JavaScript RegExp cant use twice? [duplicate]

Question

I have a very strage problem:

var cat = [ { slug: "test/foo", id: 1}, { slug: "test/bar", id: 1}];
var searchreg = new RegExp("test","g");

cat.forEach(function(item){
  if(searchreg.test(item.slug)){
    console.log(item);
  } 
});

This should print me both items out of "cat". But I only get the first. If I add more items I only get every 2nd (start with the first).

I get it woking with:

var cat = [ { slug: "test/foo", id: 1}, { slug: "test/bar", id: 1}];

cat.forEach(function(item){
  var searchreg = new RegExp("test","g");
  if(searchreg.test(item.slug)){
    console.log(item);
  } 
});

But I don't understand why this don't work (Chrome) - anyone a Idea?

Answer 1

It's because of the g ("global") flag. RegExp instances have state when you use the g flag: They remember where the last match they saw was, so they can continue from that point (for instance, if you're using them in a loop). (Yes, this is not the best design it could have had.) So the first time, it finds test in the string (and notes that it's not at the end of the string); the second time, it tries to find test continuing in the previous string from the previous location, and of course doesn't find it. The third time, since it knows it ran out of input last time, it looks at the input again.
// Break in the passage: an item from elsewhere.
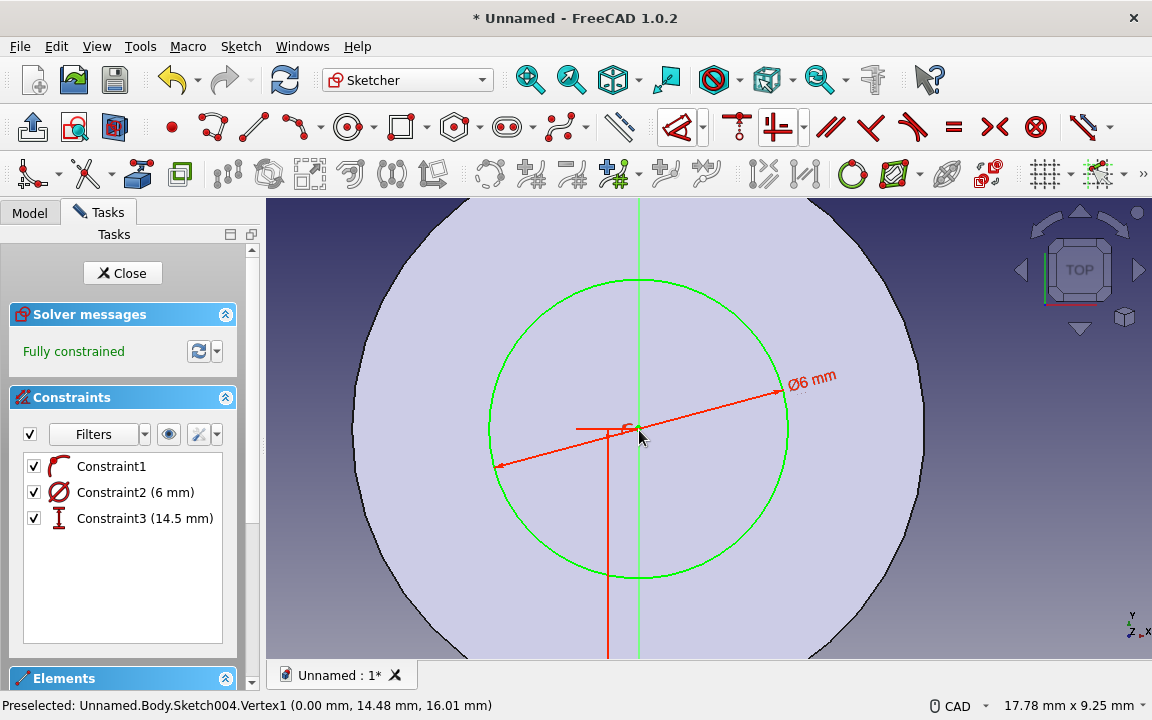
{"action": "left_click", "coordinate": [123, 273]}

In your case, since you don't need to search further than the first instance, simply remove the g flag:

var searchreg = /test/; // That's a regex literal, basically: ... = new RegEx("test")

Alternately, you could reset it by assigning 0 to its lastIndex property:

searchreg.lastIndex = 0;
if (searchreg.test(item.slug))

Or, in this specific use case, you don't need regex at all:

if (item.slug.indexOf("test") !== -1) {
    // It has "test" in the slug
}